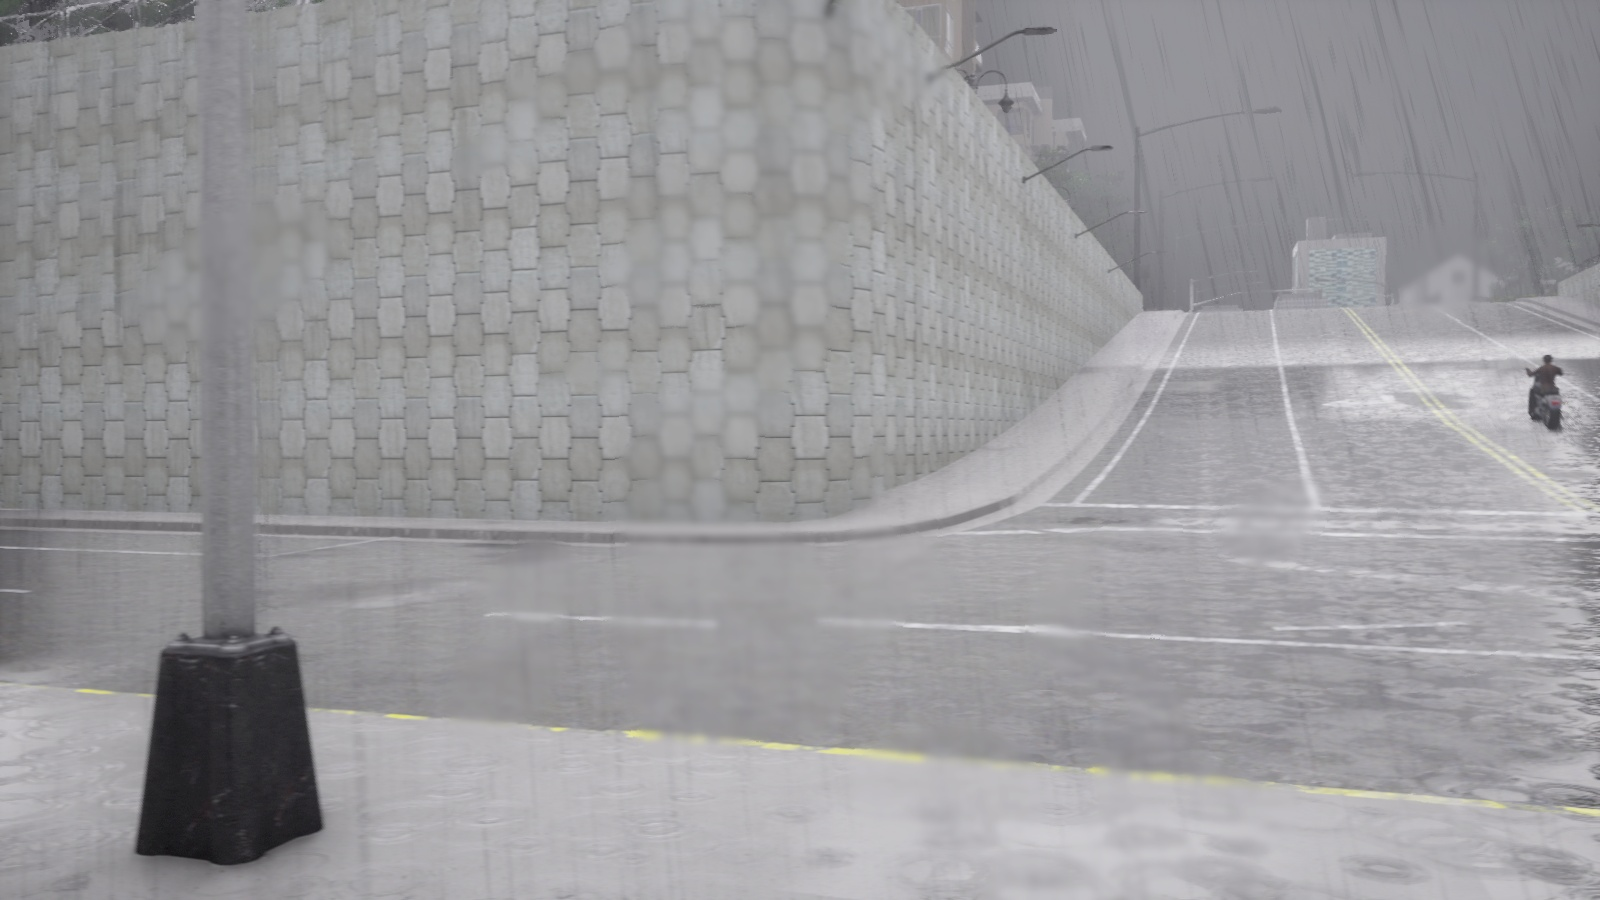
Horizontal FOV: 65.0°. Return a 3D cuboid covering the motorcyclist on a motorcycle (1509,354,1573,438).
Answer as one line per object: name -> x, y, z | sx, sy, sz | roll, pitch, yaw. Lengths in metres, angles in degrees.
····················
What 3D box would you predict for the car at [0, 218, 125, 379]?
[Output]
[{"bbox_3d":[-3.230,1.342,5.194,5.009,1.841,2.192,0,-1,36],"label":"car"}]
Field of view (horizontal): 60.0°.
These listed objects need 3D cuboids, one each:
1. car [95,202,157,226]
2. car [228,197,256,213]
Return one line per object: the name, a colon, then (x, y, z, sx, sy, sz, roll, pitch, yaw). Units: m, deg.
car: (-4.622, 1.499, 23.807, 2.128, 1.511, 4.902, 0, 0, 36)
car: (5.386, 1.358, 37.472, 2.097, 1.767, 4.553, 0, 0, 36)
····················
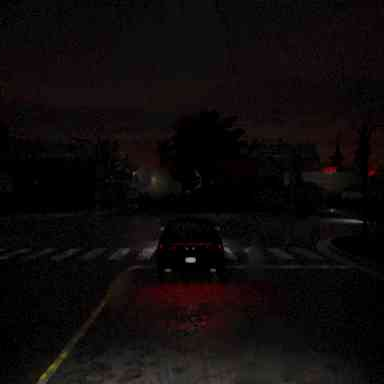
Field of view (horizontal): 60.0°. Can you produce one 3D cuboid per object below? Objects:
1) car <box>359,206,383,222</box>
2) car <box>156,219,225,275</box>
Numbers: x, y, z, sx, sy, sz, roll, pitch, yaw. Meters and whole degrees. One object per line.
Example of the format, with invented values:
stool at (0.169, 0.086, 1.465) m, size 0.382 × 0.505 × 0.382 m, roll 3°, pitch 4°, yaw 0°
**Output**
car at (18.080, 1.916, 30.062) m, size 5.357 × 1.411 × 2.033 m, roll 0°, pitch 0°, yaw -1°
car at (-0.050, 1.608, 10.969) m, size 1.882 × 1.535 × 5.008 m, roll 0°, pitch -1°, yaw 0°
····················
◆ DIRECTIONS FOR THIS TASK:
Select and copy every line of the material that holds the string "Field".

◆ SOLUTION TO THIS TASK:
Field of view (horizontal): 60.0°.
Field of view (horizontal): 60.0°. Can you produce one 3D cuboid per object below? Objects:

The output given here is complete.